Father John DeCelles, 9/1/1008

A noted theologian penned the following, “Not all moral issues have the same moral weight as abortion and euthanasia. For example, if a Catholic were to be at odds with the Holy Father on the application of capital punishment or on the decision to wage war, he would not for that reason be considered unworthy to present himself to receive Holy Communion. While the Church exhorts civil authorities to seek peace, not war, and to exercise discretion and mercy in imposing punishment on criminals, it may still be permissible to take up arms to repel an aggressor or to have recourse to capital punishment.

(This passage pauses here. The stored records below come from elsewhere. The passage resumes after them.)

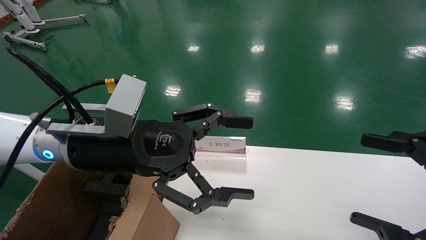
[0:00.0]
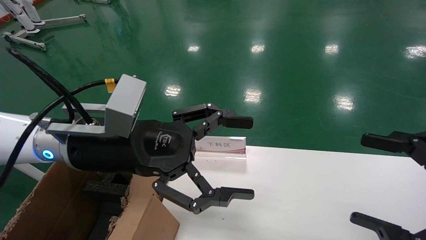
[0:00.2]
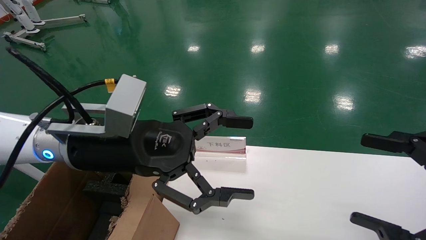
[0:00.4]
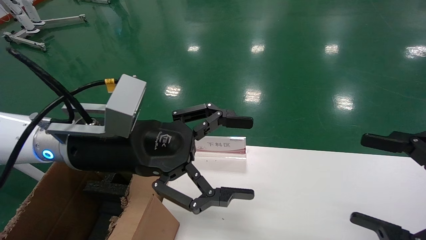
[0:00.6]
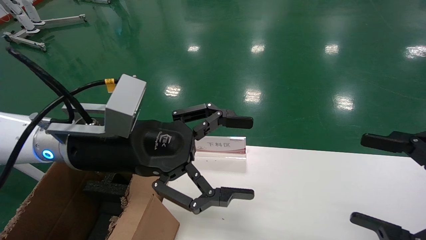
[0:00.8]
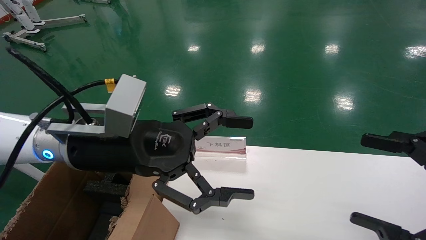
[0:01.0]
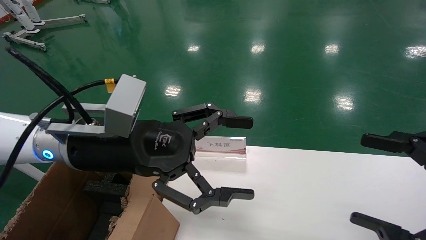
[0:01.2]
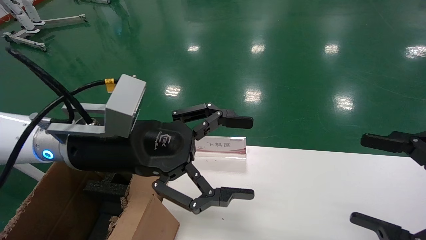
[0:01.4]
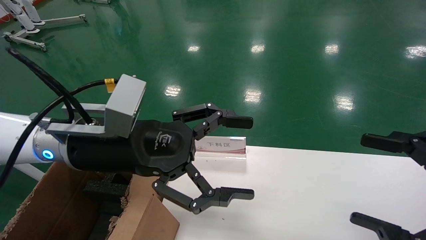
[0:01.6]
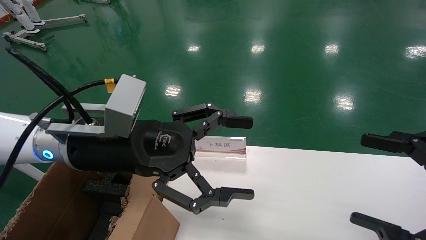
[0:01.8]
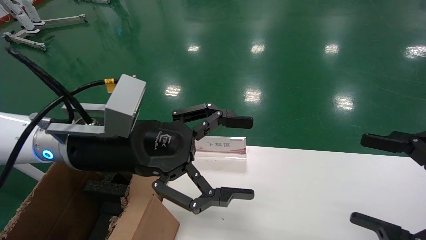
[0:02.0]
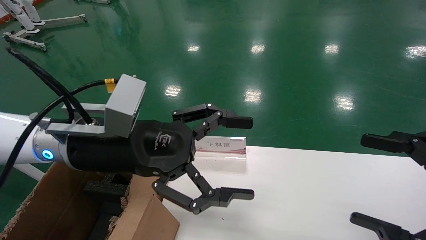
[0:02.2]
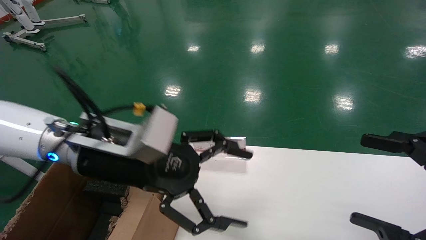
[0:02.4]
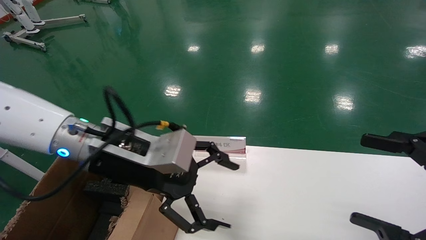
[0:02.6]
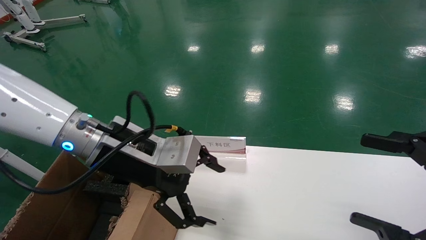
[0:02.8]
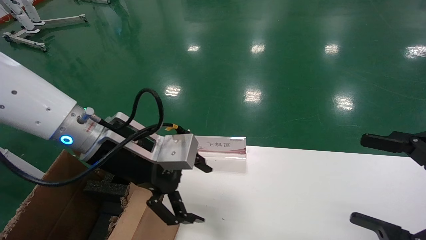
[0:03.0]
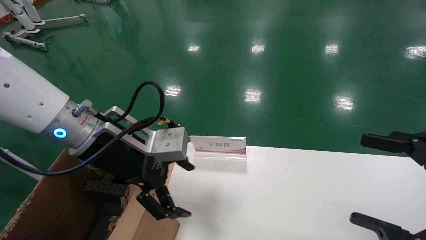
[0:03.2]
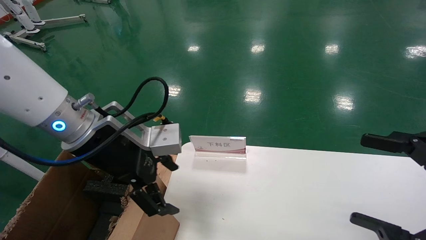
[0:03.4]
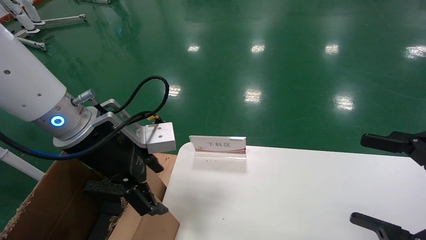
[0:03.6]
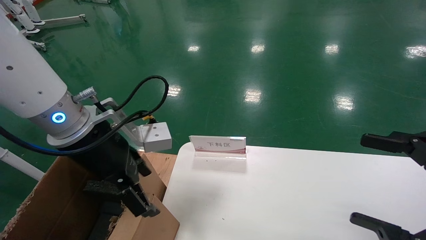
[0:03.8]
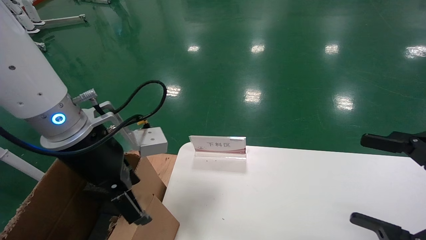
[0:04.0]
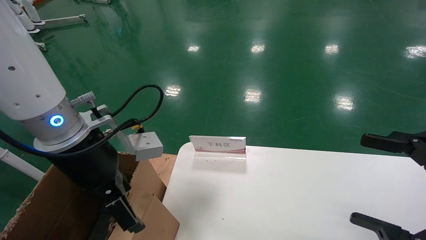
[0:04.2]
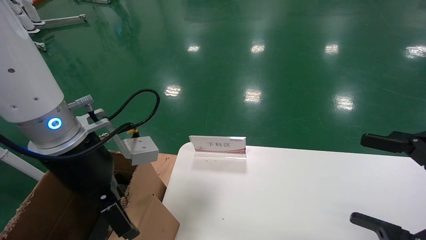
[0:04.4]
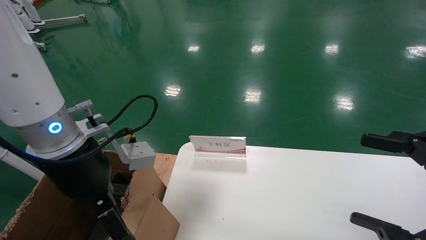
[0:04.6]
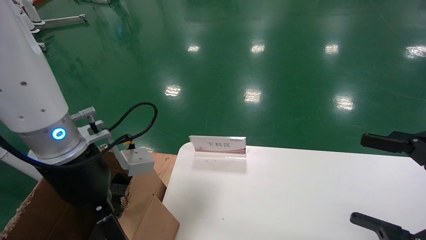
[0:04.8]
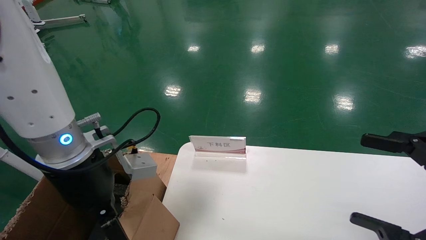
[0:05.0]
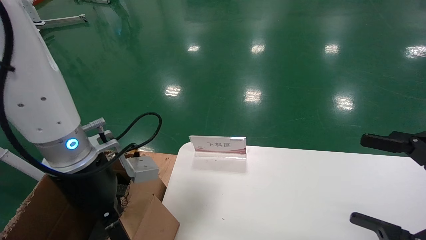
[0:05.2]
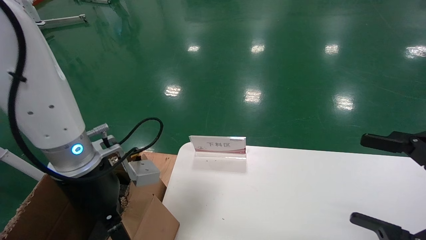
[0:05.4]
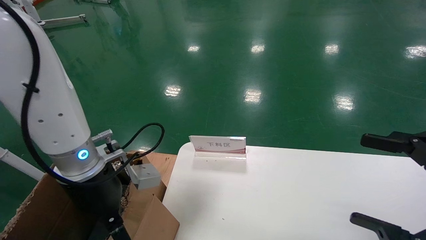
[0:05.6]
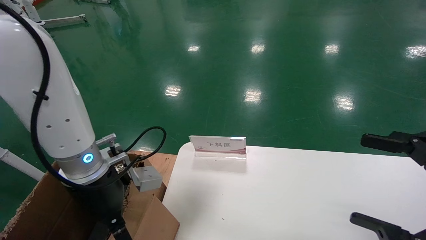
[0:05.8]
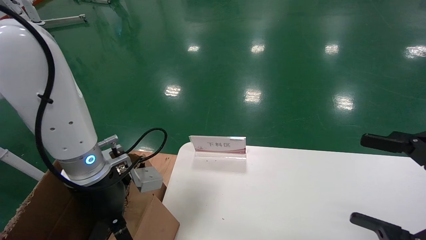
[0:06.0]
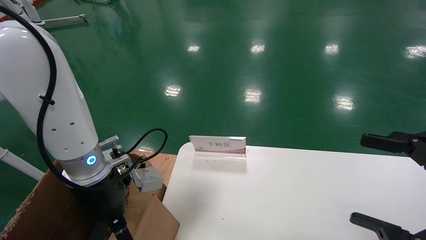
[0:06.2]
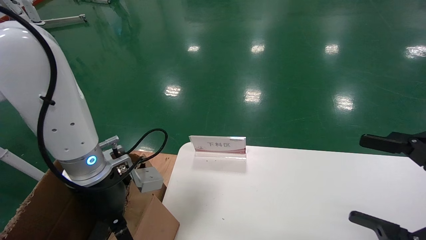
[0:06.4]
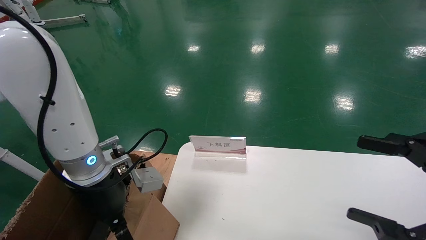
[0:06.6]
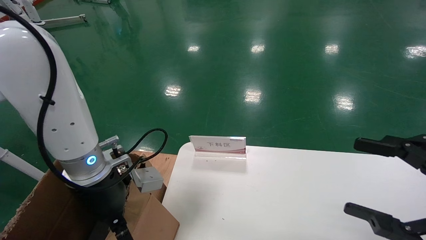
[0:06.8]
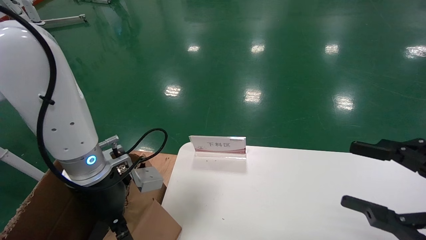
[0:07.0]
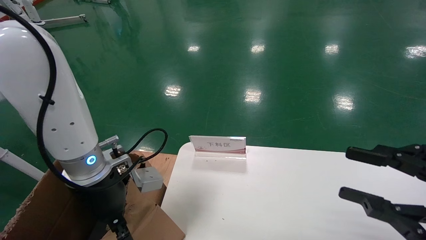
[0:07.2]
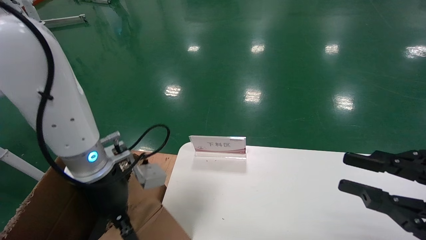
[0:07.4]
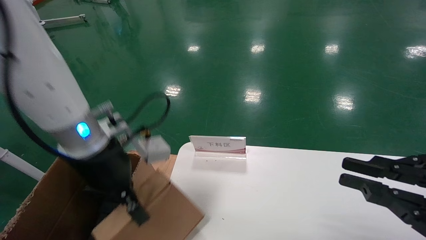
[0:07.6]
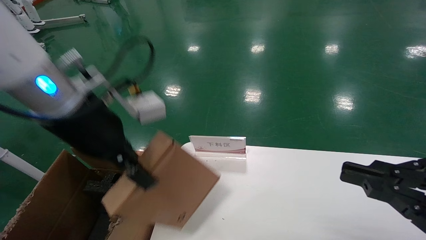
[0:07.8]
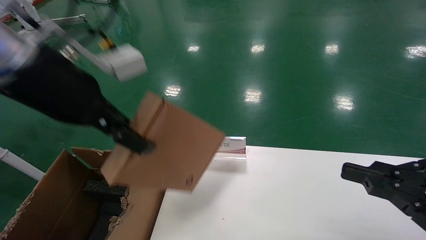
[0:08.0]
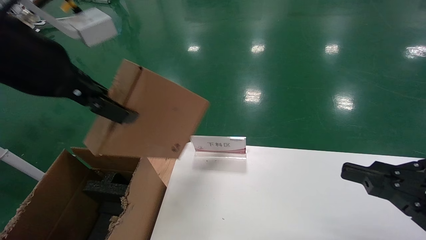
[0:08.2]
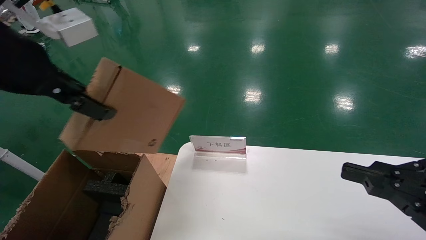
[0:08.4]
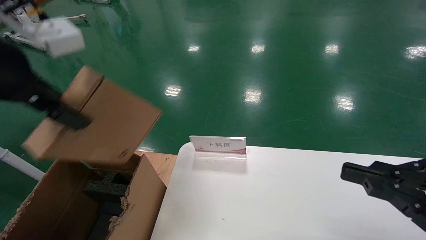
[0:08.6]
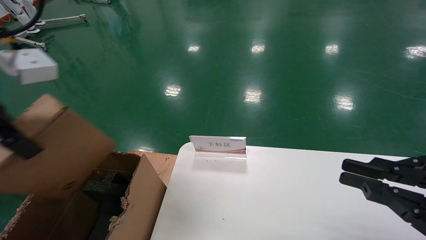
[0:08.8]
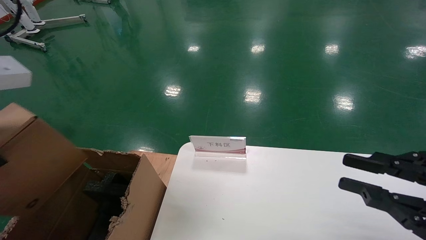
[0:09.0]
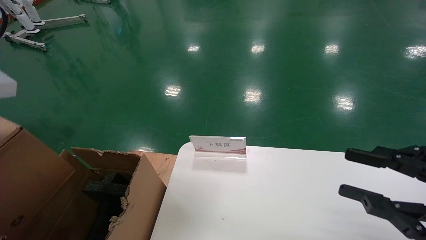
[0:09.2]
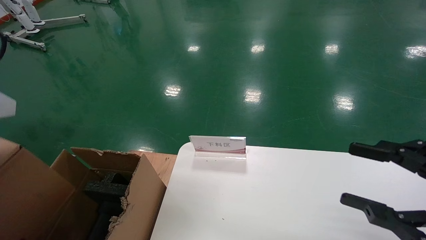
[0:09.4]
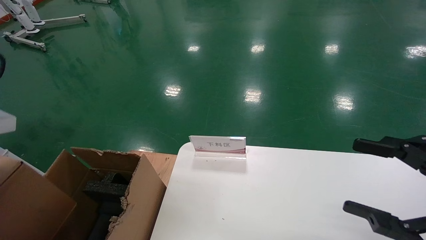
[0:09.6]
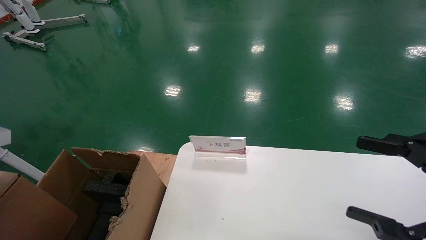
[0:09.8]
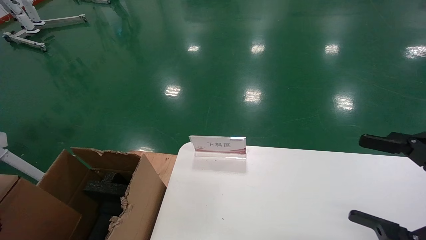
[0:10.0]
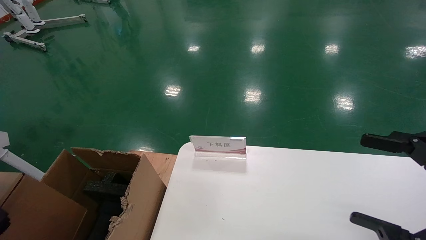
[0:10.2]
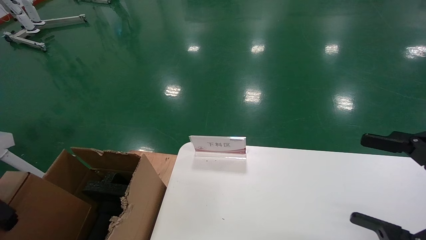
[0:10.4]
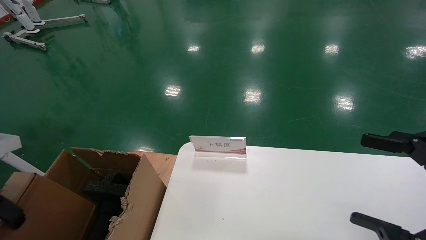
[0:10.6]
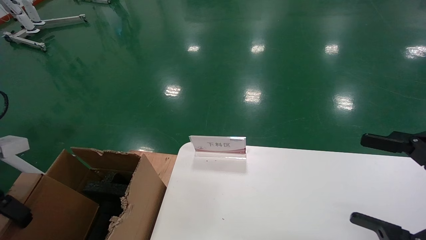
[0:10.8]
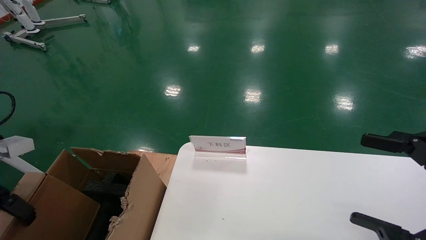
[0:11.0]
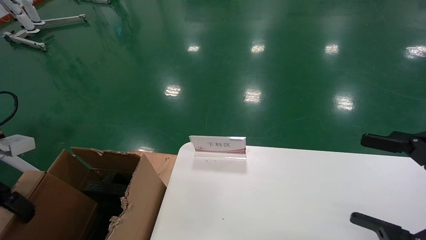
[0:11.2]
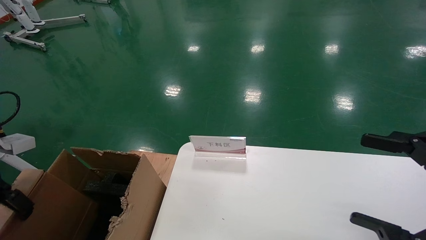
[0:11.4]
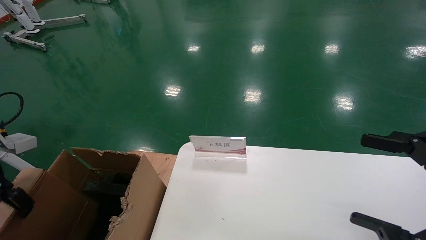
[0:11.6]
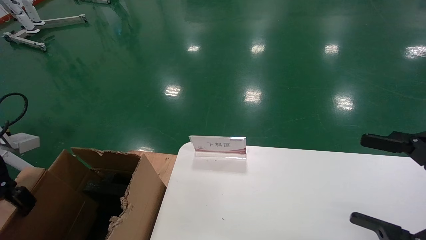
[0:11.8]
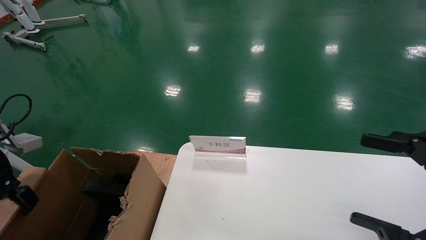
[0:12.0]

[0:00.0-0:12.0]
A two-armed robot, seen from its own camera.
Task of the whole recording: pick up the small cardboard box and load it into the large cardboard box.
Step, 0:00.0 to 0:06.8: Grasp the paper box.
0:00.0 to 0:01.6: The two grippers keep their place.
0:04.4 to 0:06.0: The left gripper moves downward, some 5 cm.
0:06.0 to 0:07.6: The right gripper closes its fingers. Meanwhile the left gripper moves upward, approximately 5 cm, and closes its fingers.
0:07.6 to 0:09.0: The left gripper shifts approximately 20 cm upward, backward and to the left.
0:09.0 to 0:10.4: The right gripper opens up. The left gripper travels to the left and downward by roughly 15 cm.
0:10.4 to 0:12.0: The left gripper is displaced forward and downward by approximately 10 cm.

There may be a legitimate diversity of opinion even among Catholics about waging war and applying the death penalty, but not however with regard to abortion and euthanasia.” The noted theologian that wrote the above is now Pope Benedict XVI

Mac,

I won’t respond to spambot’s detractions, no never no more.

Spambot3049
Spambot3049
Tuesday, November 15, AD 2011 1:24pm

I won’t respond to spambot’s detractions, no never no more

I had to look the definition and found this:
“Detraction in a general sense is a mortal sin, as being a violation of the virtue not only of charity but also of justice. ”
http://www.newadvent.org/cathen/04757a.htm

I had no idea.

Micha Elyi
Micha Elyi
Wednesday, November 16, AD 2011 5:38pm

That fabled garment may be “seamless” yet it has more than enough holes to suit a hydra-headed millipede.

Mack Hall
Mack Hall
Friday, November 25, AD 2011 11:02am

If I must bear an adjective I suppose that adjective would be conservative, and yet some of the conservative Catholic sites seem to be more Ron Paul than Pope John Paul.

Donald R. McClarey
Admin
Friday, November 25, AD 2011 5:52pm

Some of us on this website are not very enamored of Ron Paul (R.Pluto).

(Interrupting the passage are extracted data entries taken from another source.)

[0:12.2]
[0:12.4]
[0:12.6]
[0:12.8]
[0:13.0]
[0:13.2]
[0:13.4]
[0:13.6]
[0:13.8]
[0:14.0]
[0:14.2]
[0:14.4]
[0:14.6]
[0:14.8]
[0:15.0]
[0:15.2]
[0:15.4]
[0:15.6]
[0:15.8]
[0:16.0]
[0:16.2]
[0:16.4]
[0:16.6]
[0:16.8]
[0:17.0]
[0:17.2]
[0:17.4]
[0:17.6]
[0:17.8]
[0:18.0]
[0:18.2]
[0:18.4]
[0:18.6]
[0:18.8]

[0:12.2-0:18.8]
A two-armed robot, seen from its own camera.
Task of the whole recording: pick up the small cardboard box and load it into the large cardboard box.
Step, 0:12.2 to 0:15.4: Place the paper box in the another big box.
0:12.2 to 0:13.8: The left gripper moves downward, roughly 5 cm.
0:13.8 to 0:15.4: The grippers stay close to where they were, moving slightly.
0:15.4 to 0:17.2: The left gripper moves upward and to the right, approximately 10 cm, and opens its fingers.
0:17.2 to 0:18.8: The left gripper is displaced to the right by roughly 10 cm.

https://the-american-catholic.com/2011/08/23/ron-paul-and-the-civil-war/

Patrick M. Flynn
Patrick M. Flynn
Saturday, November 26, AD 2011 1:29am

Regarding the debate on Capital Punishment ( aka the death penalty), I need someone to explain to me the reasoning for eliminating it. I have heard that due to modern advancements we can “safely” imprison people for life. I don’t understand these modern improvements. Did we just now invent stone walls and steel bars? As it was hinted at by Art Deco; those who would abolish the DP today would cry foul at lifetime terms tomorrow as too inhumane and definitely not Catholic.
There are some instances where society must admit this or that person is too evil to remain upon earth and turn them over to the eternal Judge.